Auf dem Höhepunkt des Vietnamkriegs »bedienten« in Südvietnam fast 400.000 Prostituierte die US-Soldaten. Daneben kam es zu massenhaften, oft mit unbeschreiblicher Brutalität verübten Vergewaltigungen. Über 50 Jahre vertuschte die japanische Regierung die Verschleppung von Frauen in Zwangsbordelle durch das japanische Militär im asiatisch-pazifischen Krieg. Erst vor vier Jahren konnten die wenigen Überlebenden der über 200.000 sogenannten Comfort-Women, unterstützt von einer koreanisch-japanischen Fraueninitiative, eine Entschuldigung und halbherzige Rehabilitierung erzwingen.
Im September 1992 veröffentlichte die Zagreber Frauengruppe Tresnjevka einen Bericht über Massenvergewaltigungen in 16 Internierungslagern Bosniens. Darin hieß es: »Das Quälen von Frauen wird im übertragenen Sinn ausgeführt ..., die Rache an der Frau ist gleichsam eine Botschaft von Mann zu Mann.« Der Fraueninitiative ging es um Hilfe für die traumatisierten Frauen und um eine länderübergreifende Frauenfriedensbewegung.

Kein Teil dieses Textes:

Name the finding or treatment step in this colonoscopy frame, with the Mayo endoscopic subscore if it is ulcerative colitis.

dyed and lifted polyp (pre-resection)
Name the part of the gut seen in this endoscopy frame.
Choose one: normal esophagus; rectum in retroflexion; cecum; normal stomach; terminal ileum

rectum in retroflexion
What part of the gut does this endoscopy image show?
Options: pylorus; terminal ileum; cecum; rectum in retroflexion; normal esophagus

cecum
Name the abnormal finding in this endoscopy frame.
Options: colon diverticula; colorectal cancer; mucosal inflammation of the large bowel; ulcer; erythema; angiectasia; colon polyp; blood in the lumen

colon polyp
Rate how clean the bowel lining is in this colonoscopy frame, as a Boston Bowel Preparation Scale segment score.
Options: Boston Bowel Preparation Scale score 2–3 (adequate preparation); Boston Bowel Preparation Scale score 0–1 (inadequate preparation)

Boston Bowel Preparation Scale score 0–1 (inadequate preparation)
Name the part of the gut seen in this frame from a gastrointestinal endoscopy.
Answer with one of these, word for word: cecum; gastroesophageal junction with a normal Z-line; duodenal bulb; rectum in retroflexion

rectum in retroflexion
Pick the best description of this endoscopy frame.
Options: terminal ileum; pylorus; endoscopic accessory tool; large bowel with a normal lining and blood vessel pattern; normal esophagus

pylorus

Mit der öffentlichen Empörung über die Massenvergewaltigungen wuchsen zugleich Bemühungen, sie für kriegspropagandistische Zwecke zu instrumentalisieren. Berichte über die Vergewaltigung bosnischer Frauen durch serbische Truppen sollten die USA zum militärischen Eingreifen bewegen. Vergewaltigungen durch kroatische Truppen durften dagegen kein Thema sein. Die Internationale Frauensolidaritätskonferenz 1993 in Zagreb konnte nur stattfinden, weil die Organisatorinnen sich gerade dieser Auflage beugten.
Aber auch mit dem Einsatz von UN-Schutztruppen in Bosnien bewahrheitete sich wieder: Jeder Mann - und jeder Soldat - ist ein potentieller Vergewaltiger. Es gibt nicht die guten Truppen, die es auf keinen Fall tun. So hatte sich UN-General MacKenzie wegen der Vergewaltigung von vier muslimischen Mädchen in Sarajevo zu verantworten. Niederländische Militärs mußten Srebrenica verlassen, nachdem es durch sie zu Vergewaltigungen gekommen war.

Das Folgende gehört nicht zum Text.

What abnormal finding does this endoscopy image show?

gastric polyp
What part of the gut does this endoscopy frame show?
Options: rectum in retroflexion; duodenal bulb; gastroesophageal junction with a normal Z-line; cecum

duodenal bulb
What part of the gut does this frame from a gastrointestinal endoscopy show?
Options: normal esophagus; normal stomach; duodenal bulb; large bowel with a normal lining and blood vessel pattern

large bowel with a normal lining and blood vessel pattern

Und jetzt im Kosovo? Auch hier ist es der NATO gelungen, Berichte über Vergewaltigungen und Vertreibungen für ihre Militär operationen zu instrumentalisieren. Seit zwei Monaten wird bombardiert. Täglich werden mehr und mehr Bomben über Jugoslawien abgeworfen. Keine einzige Vergewaltigung und keine einzige Vertreibung wurde damit verhindert - sie haben im Gegenteil die Massaker an den Kosovo-Albanerinnen verschärft. Dabei sehen sich noch nicht einmal die geflohenen Frauen geschützt. Nach einem UNHCR-Bericht werden Frauen, die in Albanien Zuflucht gesucht haben, von der albanischen Mafia verschleppt und zur Prostitution gezwungen. Vom Erlös dieses Frauenhandels werden Waffen für die UÇK finanziert.

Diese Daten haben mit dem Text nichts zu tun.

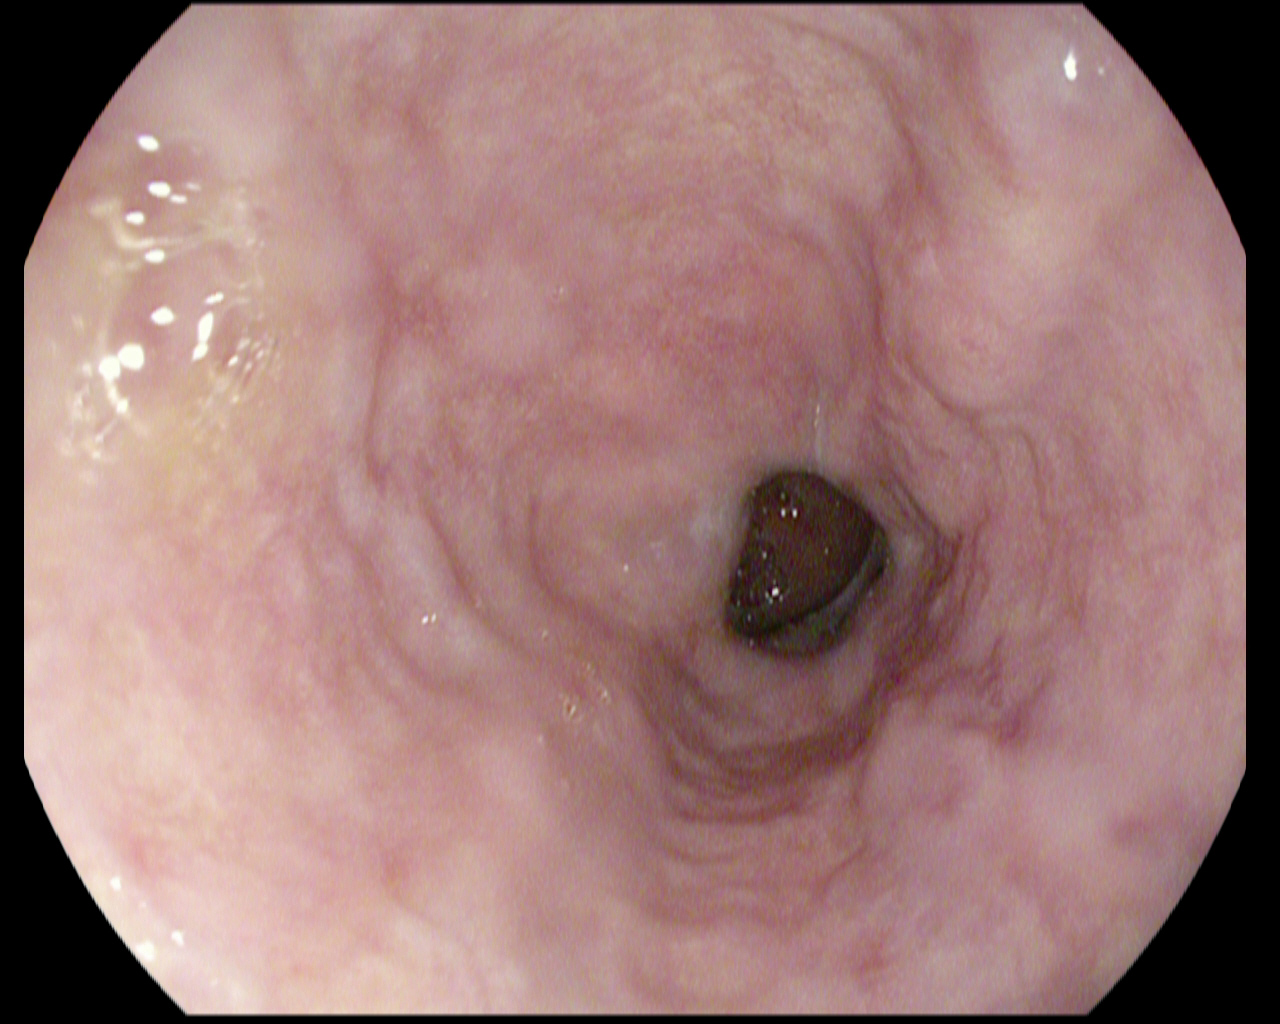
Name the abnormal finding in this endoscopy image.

esophageal varices

Würden die humanitären Begründungen für die Militärintervention zutreffen, ginge es den Verantwortlichen tatsächlich um den Schutz der Menschen und der Menschenrechte, müßte doch zumindest die Hilfe für die Geflohenen bis hin zur großzügigen Aufnahme von Flüchtlingen eine Selbstverständlichkeit sein. Doch hier hört anscheinend das humanitäre Gewissen auf. Da der Krieg schon teuer genug ist, bleibt scheinbar nichts mehr übrig, um die Flüchtlinge sicher und menschenwürdig unterzubringen. Dicht gedrängt hocken sie auf Plastikplanen in Zelten oder gar unter freiem Himmel. Retraumatisierungen sind zu befürchten. Von der dringend notwendigen gynäkologischen und therapeutischen Versorgung für vergewaltigte Frauen ist keine Rede. Das Mitleid mit ihnen hat sich offenbar mit den Bombardements erschöpft. Initiativen wie Medica Kosova von Monika Hauser sind wieder auf Spenden angewiesen, um wenigstens eine mobile gynäkologische Ambulanz und gesonderte Zelte zur psychosozialen Betreuung der betroffenen Frauen einrichten zu können. Nur wenn die Luftangriffe sofort gestoppt werden, wird es möglich sein, den Flüchtlingen zu helfen und die Traumata der Vergewaltigungsopfer zu überwinden.
Unsere Autorin ist frauenpolitische Sprecherin der Bündnisgrünen im Landtag von NRW.